→ **Task statement**: Keep the pictures out. Copy every line of the listing exactly.

→ **Material for this exercise**:
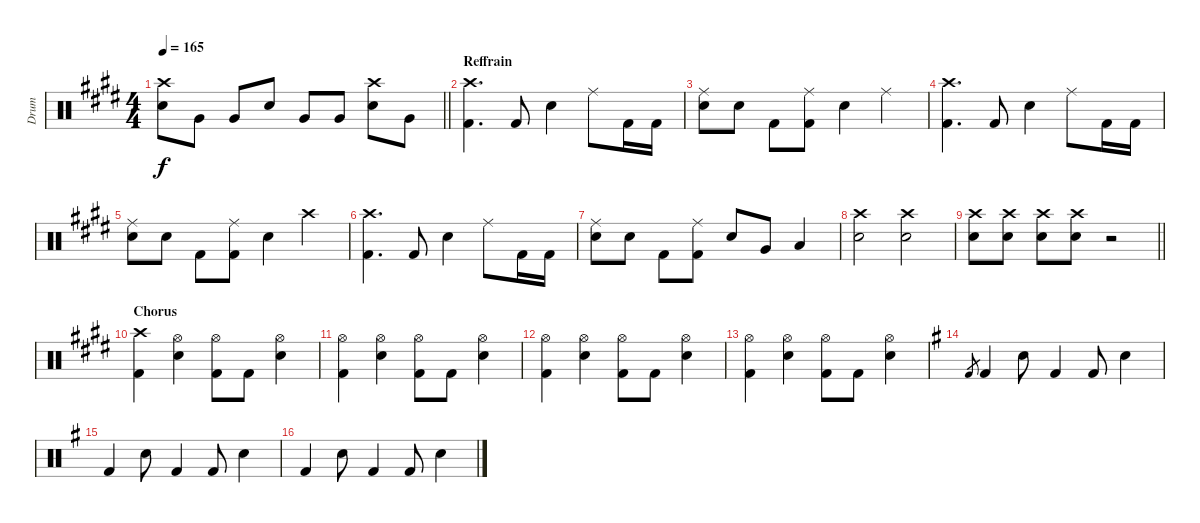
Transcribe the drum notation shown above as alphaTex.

\track ("Drum" "Drum") {instrument percussion}
\staff {score}
\articulation defaults
\ts (4 4)
\tempo 165
\clef neutral
\barLineRight lightlight
\ks e
("Crash high (hit)" "Electric Snare (hit)").8{dy f} "Very Low Tom (hit)".8 "Very Low Tom (hit)".8 "Electric Snare (hit)".8 "Very Low Tom (hit)".8 "Very Low Tom (hit)".8 ("Crash high (hit)" "Electric Snare (hit)").8 "Very Low Tom (hit)".8 |
\section ("" "Reffrain")
("Crash high (hit)" "Kick (hit) 2").4{d} "Kick (hit) 2".8 "Electric Snare (hit)".4 "Ride (middle)".8 "Kick (hit) 2".16 "Kick (hit) 2".16 |
("Ride (middle)" "Electric Snare (hit)").8 "Electric Snare (hit)".8 "Kick (hit) 2".8 ("Ride (middle)" "Kick (hit) 2").8 "Electric Snare (hit)".4 "Ride (middle)".4 |
("Crash high (hit)" "Kick (hit) 2").4{d} "Kick (hit) 2".8 "Electric Snare (hit)".4 "Ride (middle)".8 "Kick (hit) 2".16 "Kick (hit) 2".16 |
("Ride (middle)" "Electric Snare (hit)").8 "Electric Snare (hit)".8 "Kick (hit) 2".8 ("Ride (middle)" "Kick (hit) 2").8 "Electric Snare (hit)".4 "Crash high (hit)".4 |
("Crash high (hit)" "Kick (hit) 2").4{d} "Kick (hit) 2".8 "Electric Snare (hit)".4 "Ride (middle)".8 "Kick (hit) 2".16 "Kick (hit) 2".16 |
("Ride (middle)" "Electric Snare (hit)").8 "Electric Snare (hit)".8 "Kick (hit) 2".8 ("Ride (middle)" "Kick (hit) 2").8 "Electric Snare (hit)".8 "Very Low Tom (hit)".8 "Low Floor Tom (hit)".4 |
("Crash high (hit)" "Electric Snare (hit)").2 ("Crash high (hit)" "Electric Snare (hit)").2 |
\barLineRight lightlight
("Crash high (hit)" "Electric Snare (hit)").8 ("Crash high (hit)" "Electric Snare (hit)").8 ("Crash high (hit)" "Electric Snare (hit)").8 ("Crash high (hit)" "Electric Snare (hit)").8 r.2 |
\section ("" "Chorus")
("Crash high (hit)" "Kick (hit) 2").4 ("Hi-Hat (open)" "Electric Snare (hit)").4 ("Hi-Hat (open)" "Kick (hit) 2").8 "Kick (hit) 2".8 ("Hi-Hat (open)" "Electric Snare (hit)").4 |
("Hi-Hat (open)" "Kick (hit) 2").4 ("Hi-Hat (open)" "Electric Snare (hit)").4 ("Hi-Hat (open)" "Kick (hit) 2").8 "Kick (hit) 2".8 ("Hi-Hat (open)" "Electric Snare (hit)").4 |
("Hi-Hat (open)" "Kick (hit) 2").4 ("Hi-Hat (open)" "Electric Snare (hit)").4 ("Hi-Hat (open)" "Kick (hit) 2").8 "Kick (hit) 2".8 ("Hi-Hat (open)" "Electric Snare (hit)").4 |
("Hi-Hat (open)" "Kick (hit) 2").4 ("Hi-Hat (open)" "Electric Snare (hit)").4 ("Hi-Hat (open)" "Kick (hit) 2").8 "Kick (hit) 2".8 ("Hi-Hat (open)" "Electric Snare (hit)").4 |
\ks g "Kick (hit) 2".8{gr} "Kick (hit) 2".4 "Electric Snare (hit)".8 "Kick (hit) 2".4 "Kick (hit) 2".8 "Electric Snare (hit)".4
|
"Kick (hit) 2".4 "Electric Snare (hit)".8 "Kick (hit) 2".4 "Kick (hit) 2".8 "Electric Snare (hit)".4 |
"Kick (hit) 2".4 "Electric Snare (hit)".8 "Kick (hit) 2".4 "Kick (hit) 2".8 "Electric Snare (hit)".4

→ **Your response**:
Transcribe the drum notation shown above as alphaTex.

\track ("Drum" "Drum") {instrument percussion}
\staff {score}
\articulation defaults
\ts (4 4)
\tempo 165
\clef neutral
\barLineRight lightlight
\ks e
("Crash high (hit)" "Electric Snare (hit)").8{dy f} "Very Low Tom (hit)".8 "Very Low Tom (hit)".8 "Electric Snare (hit)".8 "Very Low Tom (hit)".8 "Very Low Tom (hit)".8 ("Crash high (hit)" "Electric Snare (hit)").8 "Very Low Tom (hit)".8 |
\section ("" "Reffrain")
("Crash high (hit)" "Kick (hit) 2").4{d} "Kick (hit) 2".8 "Electric Snare (hit)".4 "Ride (middle)".8 "Kick (hit) 2".16 "Kick (hit) 2".16 |
("Ride (middle)" "Electric Snare (hit)").8 "Electric Snare (hit)".8 "Kick (hit) 2".8 ("Ride (middle)" "Kick (hit) 2").8 "Electric Snare (hit)".4 "Ride (middle)".4 |
("Crash high (hit)" "Kick (hit) 2").4{d} "Kick (hit) 2".8 "Electric Snare (hit)".4 "Ride (middle)".8 "Kick (hit) 2".16 "Kick (hit) 2".16 |
("Ride (middle)" "Electric Snare (hit)").8 "Electric Snare (hit)".8 "Kick (hit) 2".8 ("Ride (middle)" "Kick (hit) 2").8 "Electric Snare (hit)".4 "Crash high (hit)".4 |
("Crash high (hit)" "Kick (hit) 2").4{d} "Kick (hit) 2".8 "Electric Snare (hit)".4 "Ride (middle)".8 "Kick (hit) 2".16 "Kick (hit) 2".16 |
("Ride (middle)" "Electric Snare (hit)").8 "Electric Snare (hit)".8 "Kick (hit) 2".8 ("Ride (middle)" "Kick (hit) 2").8 "Electric Snare (hit)".8 "Very Low Tom (hit)".8 "Low Floor Tom (hit)".4 |
("Crash high (hit)" "Electric Snare (hit)").2 ("Crash high (hit)" "Electric Snare (hit)").2 |
\barLineRight lightlight
("Crash high (hit)" "Electric Snare (hit)").8 ("Crash high (hit)" "Electric Snare (hit)").8 ("Crash high (hit)" "Electric Snare (hit)").8 ("Crash high (hit)" "Electric Snare (hit)").8 r.2 |
\section ("" "Chorus")
("Crash high (hit)" "Kick (hit) 2").4 ("Hi-Hat (open)" "Electric Snare (hit)").4 ("Hi-Hat (open)" "Kick (hit) 2").8 "Kick (hit) 2".8 ("Hi-Hat (open)" "Electric Snare (hit)").4 |
("Hi-Hat (open)" "Kick (hit) 2").4 ("Hi-Hat (open)" "Electric Snare (hit)").4 ("Hi-Hat (open)" "Kick (hit) 2").8 "Kick (hit) 2".8 ("Hi-Hat (open)" "Electric Snare (hit)").4 |
("Hi-Hat (open)" "Kick (hit) 2").4 ("Hi-Hat (open)" "Electric Snare (hit)").4 ("Hi-Hat (open)" "Kick (hit) 2").8 "Kick (hit) 2".8 ("Hi-Hat (open)" "Electric Snare (hit)").4 |
("Hi-Hat (open)" "Kick (hit) 2").4 ("Hi-Hat (open)" "Electric Snare (hit)").4 ("Hi-Hat (open)" "Kick (hit) 2").8 "Kick (hit) 2".8 ("Hi-Hat (open)" "Electric Snare (hit)").4 |
\ks g "Kick (hit) 2".8{gr} "Kick (hit) 2".4 "Electric Snare (hit)".8 "Kick (hit) 2".4 "Kick (hit) 2".8 "Electric Snare (hit)".4
|
"Kick (hit) 2".4 "Electric Snare (hit)".8 "Kick (hit) 2".4 "Kick (hit) 2".8 "Electric Snare (hit)".4 |
"Kick (hit) 2".4 "Electric Snare (hit)".8 "Kick (hit) 2".4 "Kick (hit) 2".8 "Electric Snare (hit)".4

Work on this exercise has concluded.